Transcribe the records word for word, beginning with the first line and ending with the line that contains "4. small metal"; include nothing else.

Extracted records:
__________________________________________________

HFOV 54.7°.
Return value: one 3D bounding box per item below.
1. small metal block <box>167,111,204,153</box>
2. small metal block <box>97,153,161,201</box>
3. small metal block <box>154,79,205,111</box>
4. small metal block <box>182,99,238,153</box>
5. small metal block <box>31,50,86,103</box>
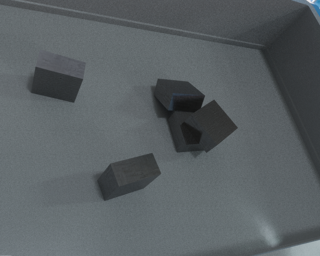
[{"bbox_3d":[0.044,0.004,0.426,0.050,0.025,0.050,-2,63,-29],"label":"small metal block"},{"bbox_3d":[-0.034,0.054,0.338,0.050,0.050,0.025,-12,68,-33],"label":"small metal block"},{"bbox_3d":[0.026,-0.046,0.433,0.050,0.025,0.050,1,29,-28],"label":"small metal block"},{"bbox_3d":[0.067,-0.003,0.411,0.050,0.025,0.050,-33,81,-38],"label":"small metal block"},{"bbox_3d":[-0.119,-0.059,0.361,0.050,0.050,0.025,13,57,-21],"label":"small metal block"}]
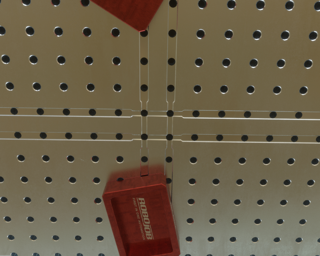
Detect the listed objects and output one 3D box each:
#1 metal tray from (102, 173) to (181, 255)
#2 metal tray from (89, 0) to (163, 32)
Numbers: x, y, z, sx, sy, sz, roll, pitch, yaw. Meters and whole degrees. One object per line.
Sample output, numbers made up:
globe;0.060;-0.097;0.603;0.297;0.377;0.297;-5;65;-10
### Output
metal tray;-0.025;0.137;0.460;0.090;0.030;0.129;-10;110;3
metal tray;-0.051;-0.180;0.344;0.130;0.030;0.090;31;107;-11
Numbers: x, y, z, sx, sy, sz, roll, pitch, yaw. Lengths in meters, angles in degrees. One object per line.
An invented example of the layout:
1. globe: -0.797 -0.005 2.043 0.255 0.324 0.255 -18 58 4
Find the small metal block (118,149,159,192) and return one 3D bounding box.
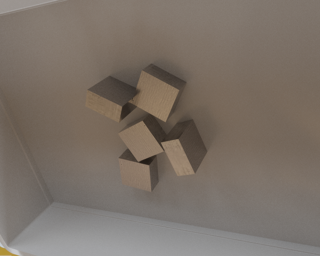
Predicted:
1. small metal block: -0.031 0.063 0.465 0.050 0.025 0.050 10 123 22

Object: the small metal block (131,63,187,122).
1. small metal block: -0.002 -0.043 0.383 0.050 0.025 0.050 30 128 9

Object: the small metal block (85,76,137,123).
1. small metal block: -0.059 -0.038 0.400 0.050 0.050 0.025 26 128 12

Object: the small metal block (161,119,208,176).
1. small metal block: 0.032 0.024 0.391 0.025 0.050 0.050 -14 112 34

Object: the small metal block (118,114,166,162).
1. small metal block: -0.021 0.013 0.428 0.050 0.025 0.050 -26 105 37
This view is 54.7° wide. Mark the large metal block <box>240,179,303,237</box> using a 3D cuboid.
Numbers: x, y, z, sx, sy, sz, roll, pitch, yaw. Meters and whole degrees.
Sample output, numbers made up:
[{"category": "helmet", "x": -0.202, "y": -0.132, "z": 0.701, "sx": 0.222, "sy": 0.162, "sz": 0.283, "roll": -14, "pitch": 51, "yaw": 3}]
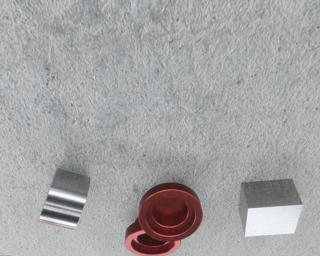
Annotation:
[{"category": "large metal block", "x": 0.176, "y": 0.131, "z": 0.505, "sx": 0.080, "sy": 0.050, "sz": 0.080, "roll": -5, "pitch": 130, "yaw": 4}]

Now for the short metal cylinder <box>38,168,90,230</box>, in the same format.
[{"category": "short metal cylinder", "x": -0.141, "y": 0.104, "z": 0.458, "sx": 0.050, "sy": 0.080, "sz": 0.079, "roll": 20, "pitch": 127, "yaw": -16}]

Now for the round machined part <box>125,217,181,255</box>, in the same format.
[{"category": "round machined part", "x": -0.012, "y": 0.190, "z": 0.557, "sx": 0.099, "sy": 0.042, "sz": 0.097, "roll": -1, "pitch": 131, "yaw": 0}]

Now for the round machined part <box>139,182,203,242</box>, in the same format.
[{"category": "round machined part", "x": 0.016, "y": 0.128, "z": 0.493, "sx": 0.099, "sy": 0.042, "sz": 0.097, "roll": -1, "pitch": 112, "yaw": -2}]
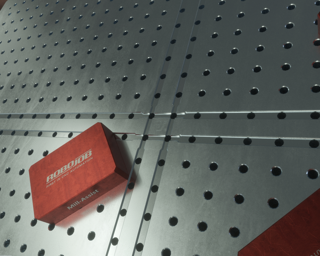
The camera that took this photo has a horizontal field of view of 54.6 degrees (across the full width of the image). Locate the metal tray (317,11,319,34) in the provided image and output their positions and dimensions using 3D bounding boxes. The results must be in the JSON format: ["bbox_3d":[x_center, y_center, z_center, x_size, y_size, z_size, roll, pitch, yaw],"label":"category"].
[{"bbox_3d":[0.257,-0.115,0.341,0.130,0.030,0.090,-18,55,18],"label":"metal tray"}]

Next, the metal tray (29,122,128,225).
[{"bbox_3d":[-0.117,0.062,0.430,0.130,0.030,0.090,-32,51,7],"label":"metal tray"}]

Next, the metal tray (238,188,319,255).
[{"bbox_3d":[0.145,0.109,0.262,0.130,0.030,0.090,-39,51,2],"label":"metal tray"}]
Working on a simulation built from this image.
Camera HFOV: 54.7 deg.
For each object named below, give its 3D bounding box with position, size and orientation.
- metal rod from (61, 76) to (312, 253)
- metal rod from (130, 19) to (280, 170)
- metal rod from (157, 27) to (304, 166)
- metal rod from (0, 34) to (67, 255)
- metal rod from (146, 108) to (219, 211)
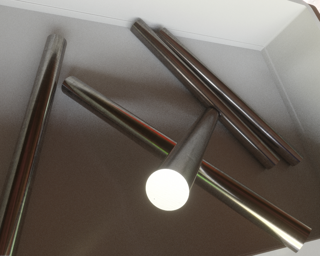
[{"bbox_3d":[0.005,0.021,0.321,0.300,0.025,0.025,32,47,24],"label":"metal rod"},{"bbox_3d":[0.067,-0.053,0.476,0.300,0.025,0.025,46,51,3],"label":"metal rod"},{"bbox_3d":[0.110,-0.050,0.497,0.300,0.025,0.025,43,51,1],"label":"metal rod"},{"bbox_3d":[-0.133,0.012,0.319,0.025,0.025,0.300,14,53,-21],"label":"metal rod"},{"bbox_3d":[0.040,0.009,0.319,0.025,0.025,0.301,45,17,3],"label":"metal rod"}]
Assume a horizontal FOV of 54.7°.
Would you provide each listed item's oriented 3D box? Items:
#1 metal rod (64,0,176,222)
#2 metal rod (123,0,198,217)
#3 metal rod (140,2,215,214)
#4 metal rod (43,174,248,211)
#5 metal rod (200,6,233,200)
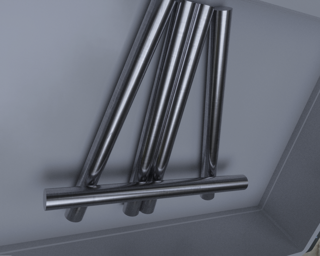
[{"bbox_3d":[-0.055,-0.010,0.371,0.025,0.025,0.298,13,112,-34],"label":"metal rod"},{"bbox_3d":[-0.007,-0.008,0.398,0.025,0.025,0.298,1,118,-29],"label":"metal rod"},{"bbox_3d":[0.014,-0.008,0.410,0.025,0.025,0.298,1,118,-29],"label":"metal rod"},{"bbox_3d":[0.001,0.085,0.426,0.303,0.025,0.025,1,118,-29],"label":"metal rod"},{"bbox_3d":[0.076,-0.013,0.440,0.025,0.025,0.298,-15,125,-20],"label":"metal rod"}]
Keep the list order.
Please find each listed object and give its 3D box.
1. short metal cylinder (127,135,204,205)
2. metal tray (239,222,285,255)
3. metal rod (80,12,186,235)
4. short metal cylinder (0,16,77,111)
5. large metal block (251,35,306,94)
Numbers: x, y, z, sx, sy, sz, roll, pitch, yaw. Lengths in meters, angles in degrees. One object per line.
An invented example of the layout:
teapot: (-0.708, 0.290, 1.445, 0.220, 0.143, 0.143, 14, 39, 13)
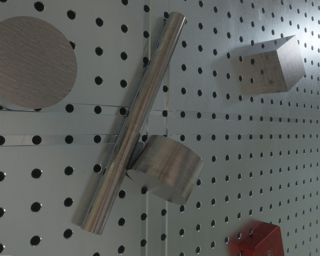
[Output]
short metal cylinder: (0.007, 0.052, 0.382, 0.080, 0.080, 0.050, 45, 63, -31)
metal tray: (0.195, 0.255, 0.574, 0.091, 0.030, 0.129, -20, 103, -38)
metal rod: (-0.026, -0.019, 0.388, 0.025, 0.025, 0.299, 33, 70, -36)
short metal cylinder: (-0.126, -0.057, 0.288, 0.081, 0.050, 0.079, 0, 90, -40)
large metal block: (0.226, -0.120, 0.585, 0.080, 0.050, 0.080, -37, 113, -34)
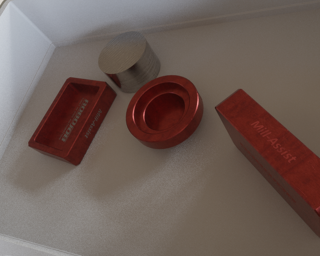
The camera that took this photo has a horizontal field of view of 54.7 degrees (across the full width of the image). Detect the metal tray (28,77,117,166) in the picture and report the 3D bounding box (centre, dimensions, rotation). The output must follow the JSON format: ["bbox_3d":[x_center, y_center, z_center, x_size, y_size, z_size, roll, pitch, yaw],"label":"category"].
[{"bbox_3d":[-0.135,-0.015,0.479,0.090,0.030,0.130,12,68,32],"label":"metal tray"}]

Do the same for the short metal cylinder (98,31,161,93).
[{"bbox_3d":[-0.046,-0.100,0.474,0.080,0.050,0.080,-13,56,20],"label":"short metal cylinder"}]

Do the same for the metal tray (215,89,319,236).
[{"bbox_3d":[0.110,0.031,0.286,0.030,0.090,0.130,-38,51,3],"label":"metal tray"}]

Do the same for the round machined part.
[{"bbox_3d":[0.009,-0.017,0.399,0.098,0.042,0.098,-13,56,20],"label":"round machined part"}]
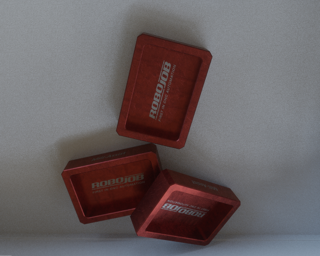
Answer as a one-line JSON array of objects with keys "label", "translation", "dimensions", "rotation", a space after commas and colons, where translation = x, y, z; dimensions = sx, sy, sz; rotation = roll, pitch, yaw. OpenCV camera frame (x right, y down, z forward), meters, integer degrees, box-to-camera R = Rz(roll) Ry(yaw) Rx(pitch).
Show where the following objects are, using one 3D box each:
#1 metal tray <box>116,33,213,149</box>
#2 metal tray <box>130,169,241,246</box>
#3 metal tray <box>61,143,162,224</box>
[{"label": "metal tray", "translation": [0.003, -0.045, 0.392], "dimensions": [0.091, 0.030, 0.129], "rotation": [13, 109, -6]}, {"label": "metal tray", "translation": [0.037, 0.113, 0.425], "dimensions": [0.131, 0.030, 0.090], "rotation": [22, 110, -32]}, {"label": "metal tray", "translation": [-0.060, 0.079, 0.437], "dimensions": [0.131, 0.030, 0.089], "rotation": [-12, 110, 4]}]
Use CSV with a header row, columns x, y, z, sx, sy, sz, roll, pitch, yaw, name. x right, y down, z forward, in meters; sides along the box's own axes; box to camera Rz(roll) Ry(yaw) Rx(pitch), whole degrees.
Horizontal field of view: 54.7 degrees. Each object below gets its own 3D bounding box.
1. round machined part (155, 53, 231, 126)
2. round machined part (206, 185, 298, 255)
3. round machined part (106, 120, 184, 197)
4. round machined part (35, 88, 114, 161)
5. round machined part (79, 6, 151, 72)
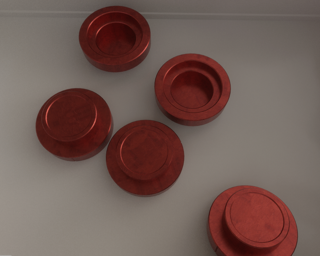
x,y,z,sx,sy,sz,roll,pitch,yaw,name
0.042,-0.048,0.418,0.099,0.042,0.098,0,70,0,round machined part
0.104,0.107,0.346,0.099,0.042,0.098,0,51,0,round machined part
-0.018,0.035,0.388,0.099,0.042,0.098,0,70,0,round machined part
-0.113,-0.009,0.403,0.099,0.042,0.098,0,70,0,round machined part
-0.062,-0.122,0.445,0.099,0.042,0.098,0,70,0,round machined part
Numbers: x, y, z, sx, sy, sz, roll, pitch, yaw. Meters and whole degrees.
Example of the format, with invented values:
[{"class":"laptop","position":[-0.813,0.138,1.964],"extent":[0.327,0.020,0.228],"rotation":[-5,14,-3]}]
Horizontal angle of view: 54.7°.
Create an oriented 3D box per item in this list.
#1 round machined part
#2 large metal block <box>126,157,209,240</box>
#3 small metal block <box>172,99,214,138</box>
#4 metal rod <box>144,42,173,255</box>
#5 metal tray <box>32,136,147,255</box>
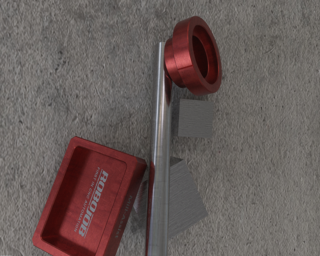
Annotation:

__________________________________________________

Reply to the exercise:
HFOV 54.7°.
Return value: one 3D bounding box per item below.
1. small metal block <box>167,111,204,153</box>
2. small metal block <box>97,153,161,201</box>
3. small metal block <box>154,79,205,111</box>
4. small metal block <box>182,99,238,153</box>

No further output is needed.